● **What to work on**: Pull every line containing "object" from the listing below.

Start of Block

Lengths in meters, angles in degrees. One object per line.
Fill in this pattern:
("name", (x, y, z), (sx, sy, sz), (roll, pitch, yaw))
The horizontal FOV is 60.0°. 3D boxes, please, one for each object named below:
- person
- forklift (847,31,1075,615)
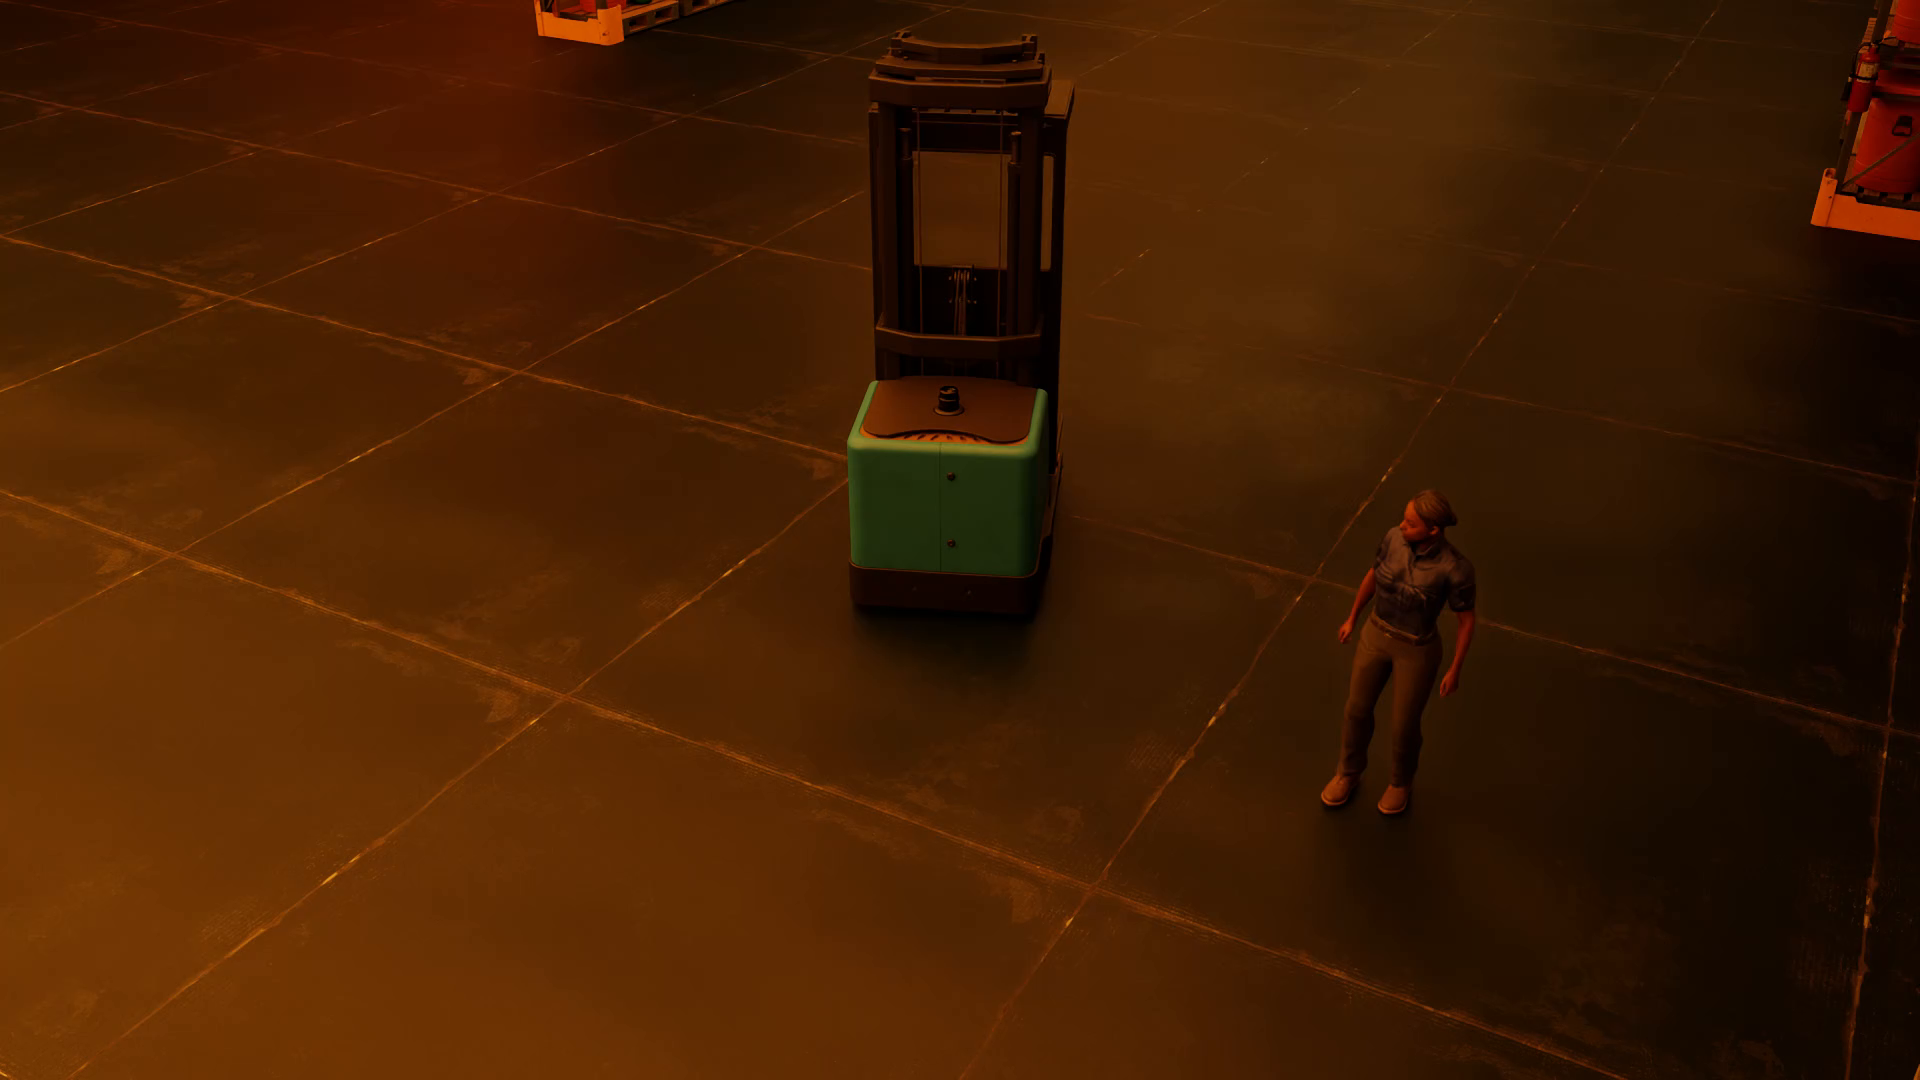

End of Block

● **Response below**:
Lengths in meters, angles in degrees. One object per line.
The horizontal FOV is 60.0°. 3D boxes, please, one for each object named below:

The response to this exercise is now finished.